- Problem details -
Look for the string "roll" in the listing below, then copy every line that has it.

- Source material -
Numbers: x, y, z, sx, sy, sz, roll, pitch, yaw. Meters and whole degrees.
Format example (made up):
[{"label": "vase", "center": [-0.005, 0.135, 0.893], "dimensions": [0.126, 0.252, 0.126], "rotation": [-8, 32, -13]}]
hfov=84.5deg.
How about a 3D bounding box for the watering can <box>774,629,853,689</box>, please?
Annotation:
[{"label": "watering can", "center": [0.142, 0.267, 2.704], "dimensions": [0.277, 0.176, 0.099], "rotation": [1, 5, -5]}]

---

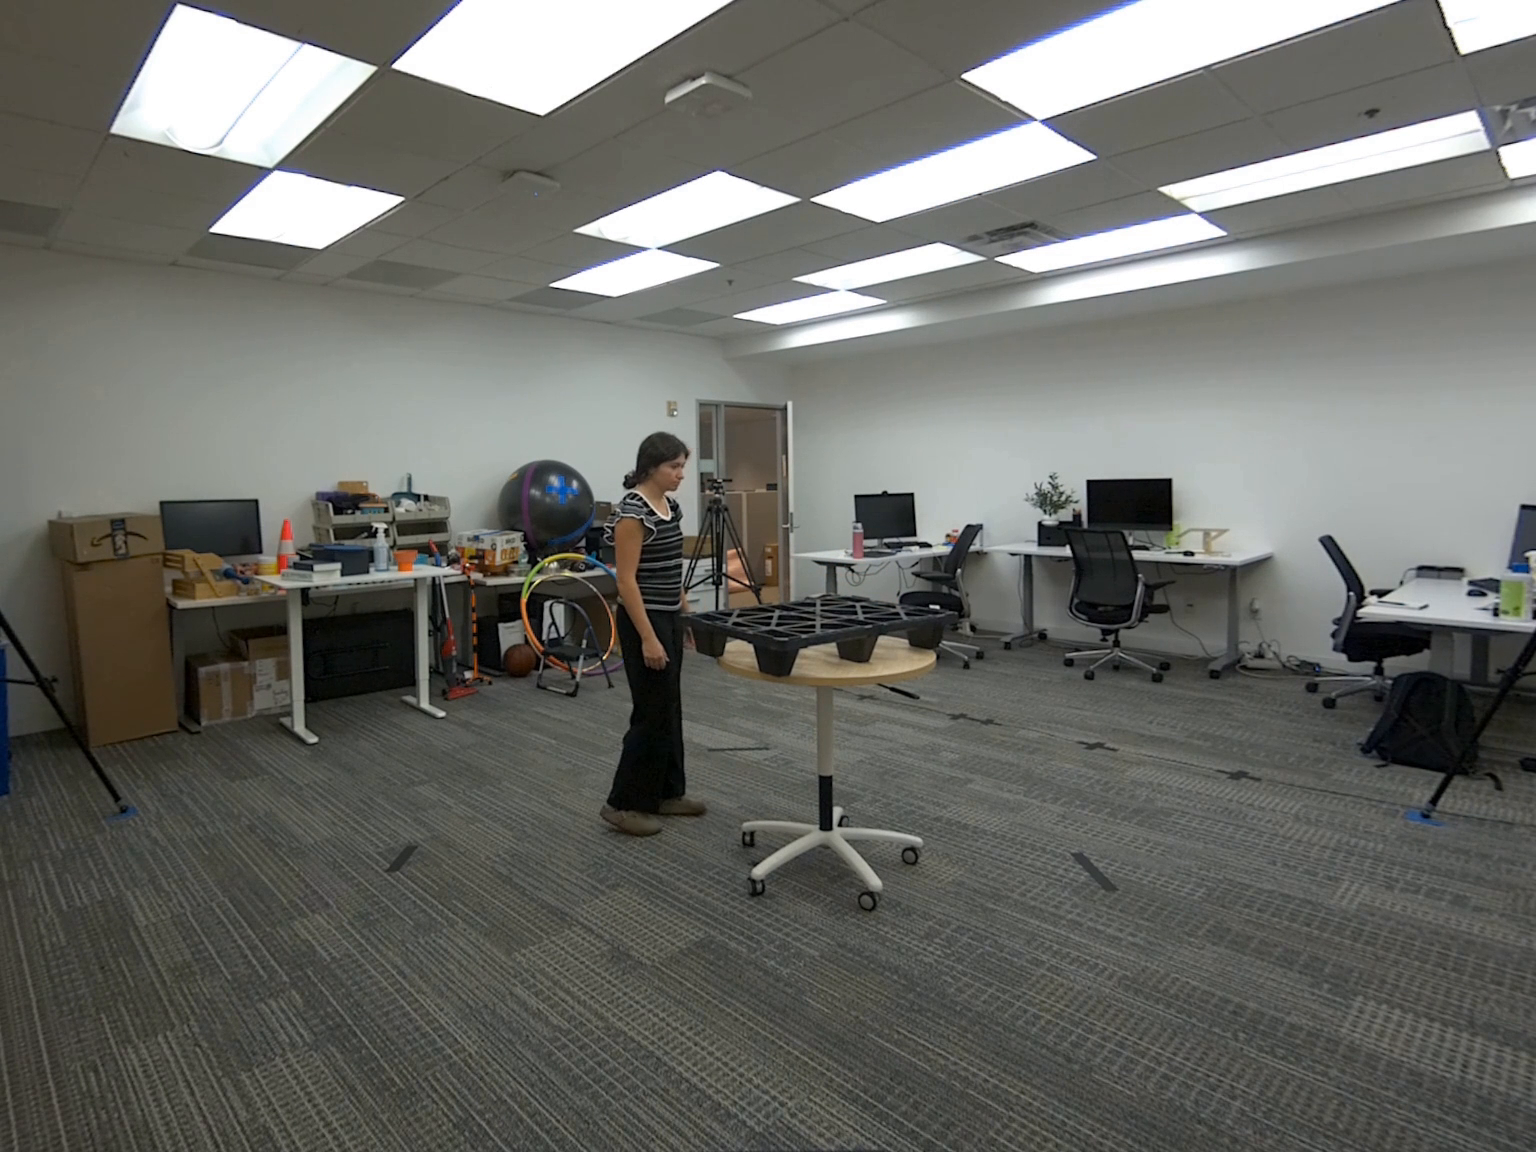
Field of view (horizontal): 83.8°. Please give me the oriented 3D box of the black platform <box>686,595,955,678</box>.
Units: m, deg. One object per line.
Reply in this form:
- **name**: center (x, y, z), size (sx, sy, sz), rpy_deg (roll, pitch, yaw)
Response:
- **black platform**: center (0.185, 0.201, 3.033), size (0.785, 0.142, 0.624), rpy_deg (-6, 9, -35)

- Result -
Numbers: x, y, z, sx, sy, sz, roll, pitch, yaw. Meters and whole degrees.
- **name**: center (x, y, z), size (sx, sy, sz), rpy_deg (roll, pitch, yaw)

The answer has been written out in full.